France’s Strike Against Macron
Recent weeks have seen French unions explode into life with the largest strike in decades against Macron's pension reforms - now the question is whether they can build a movement to defeat him altogether.
On November 17, 2018, France saw the birth of a movement unprecedented since May 1968, as hundreds of thousands of people mobilised against the fuel-tax hike announced by Emmanuel Macron’s government. While France has historically been a country of protest, this mobilisation appeared as something novel, unusual in both its sociological composition and its means of action. The protestors donning their yellow vests — the famous gilets jaunes, which all motorists have to keep in their cars — came from sections of the population rarely mobilised in social movements. They ranged from poor workers to women from working-class households and rural youngsters.

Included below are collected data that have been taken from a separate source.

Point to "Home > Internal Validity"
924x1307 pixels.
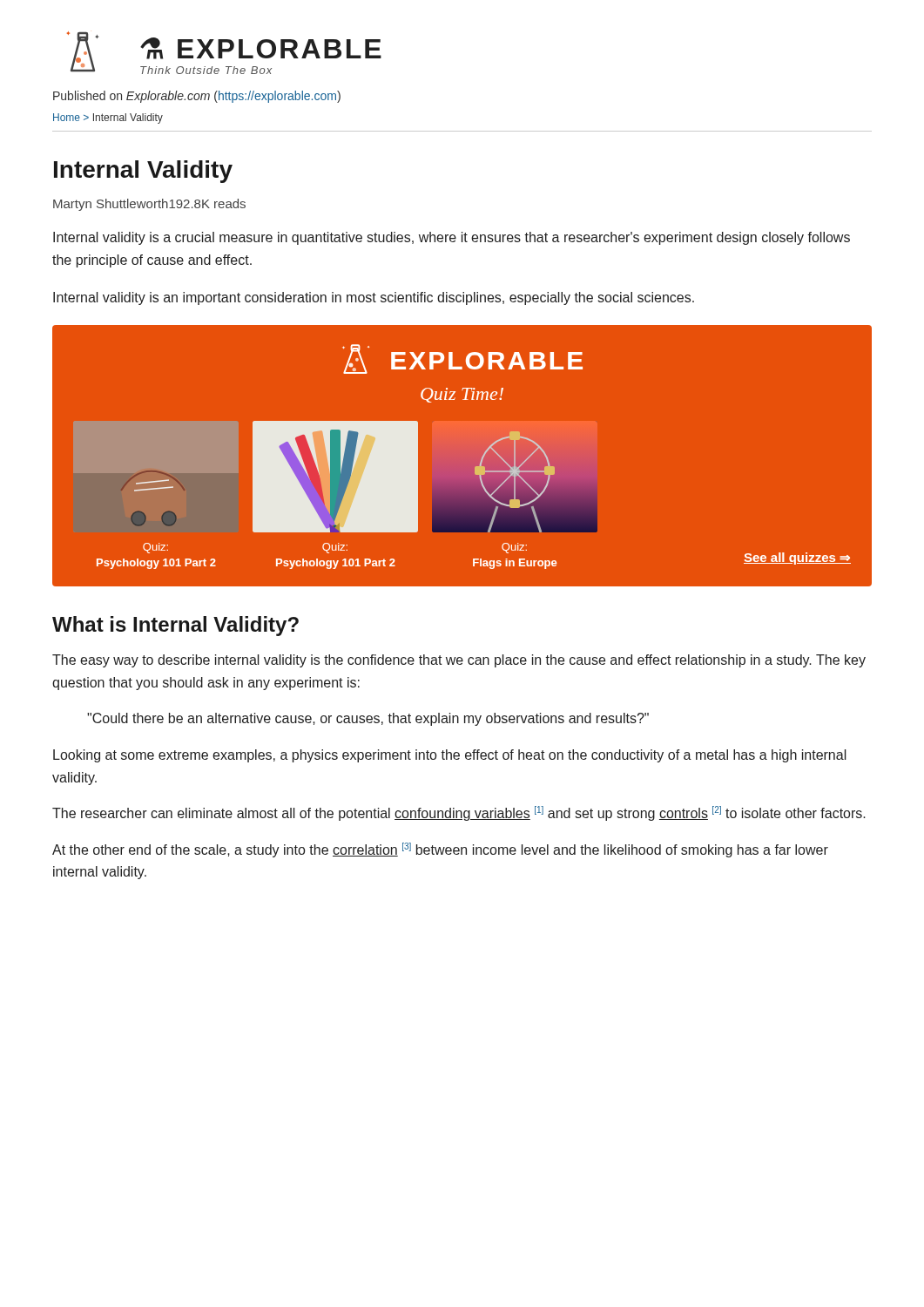108,118
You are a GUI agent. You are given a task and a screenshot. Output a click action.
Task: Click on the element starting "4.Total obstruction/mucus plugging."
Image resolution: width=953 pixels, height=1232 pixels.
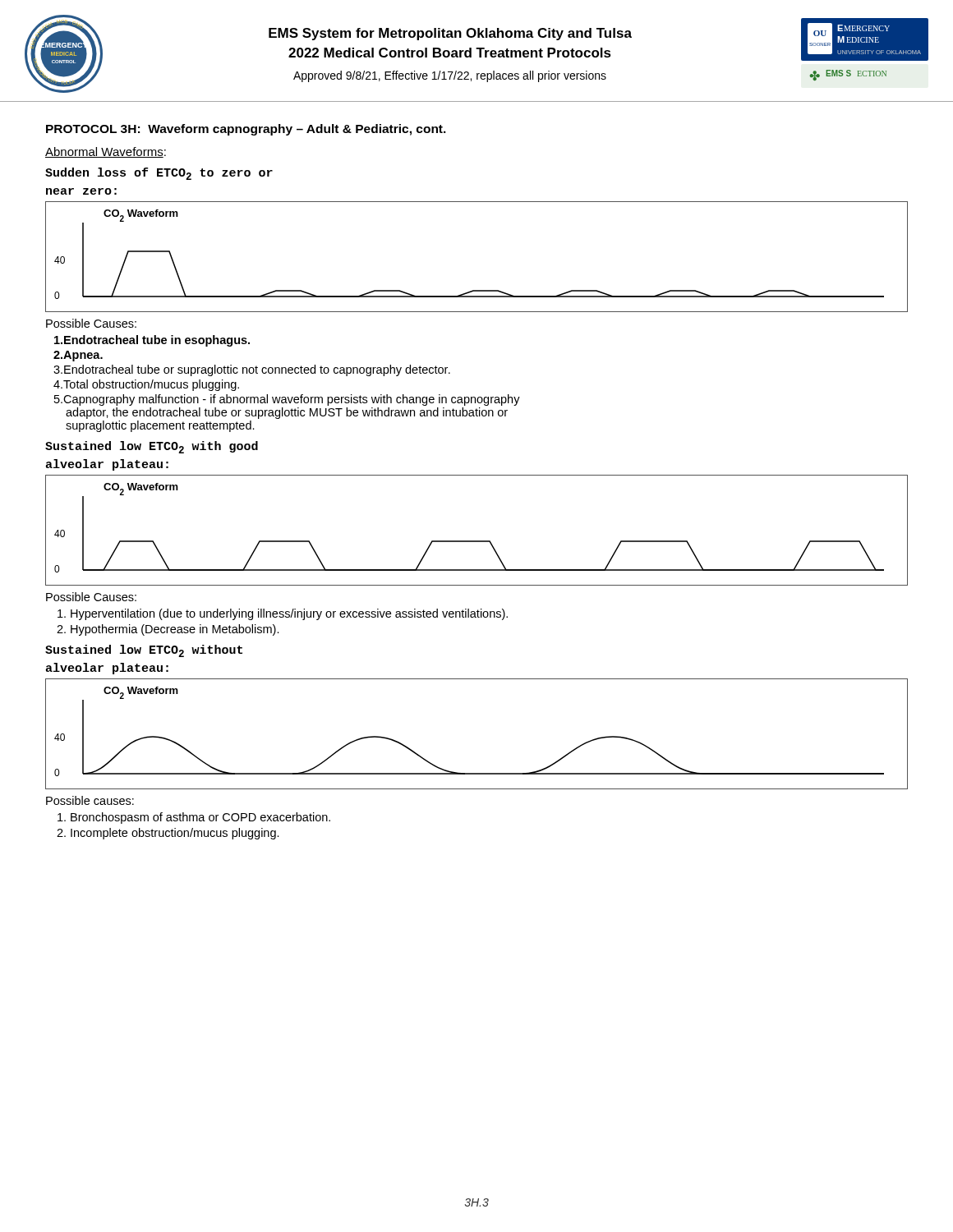147,384
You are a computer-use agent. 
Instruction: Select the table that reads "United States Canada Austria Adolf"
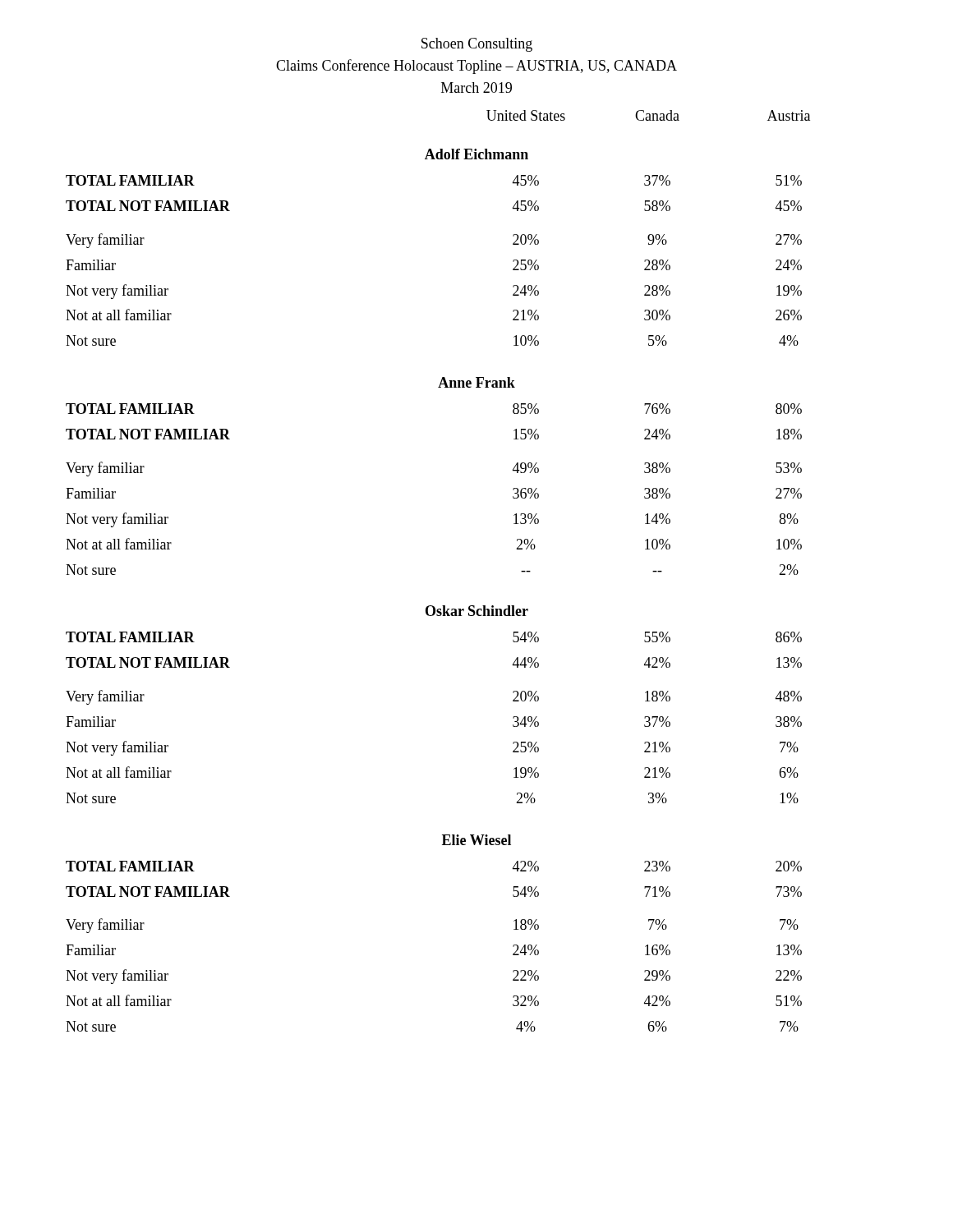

There was a paradox, here. Although the gilets jaunes centrally focused on material concerns — at first glance similar to those raised by trade unions — they were distrustful of traditional labour movement organisations, or even repudiated them outright. Despite lukewarm efforts to establish closer ties, a month after the first protests, and the personal involvement of many individual union activists, the hoped-for convergence never really took place. Today, the gilets jaunes continue to stage fresh “actes” (days of action). But their roundabout occupations have been cleared and their protests each Saturday now rally only a few hundreds of demonstrators here and there across France.
For some, the gilets jaunes movement provided further cause to highlight the weakening and isolation of France’s trade unions. In winning almost €10 billion in indirect wage rises as concessions from Macron’s government, the gilets jaunes made gains that the union confederations have not been capable of for some thirty years. These latter’s sense of humiliation was all the more palpable because it came at the end of a decade of defeats for their own mobilisations. Indeed, the unions’ strategies have invariably seemed ineffective, faced with the neoliberal agenda enforced by a series of different governments, of both Left and Right. In 2008, right-wing president Nicolas Sarkozy could gleefully claim that “when there is a strike in France, nobody even notices anymore.”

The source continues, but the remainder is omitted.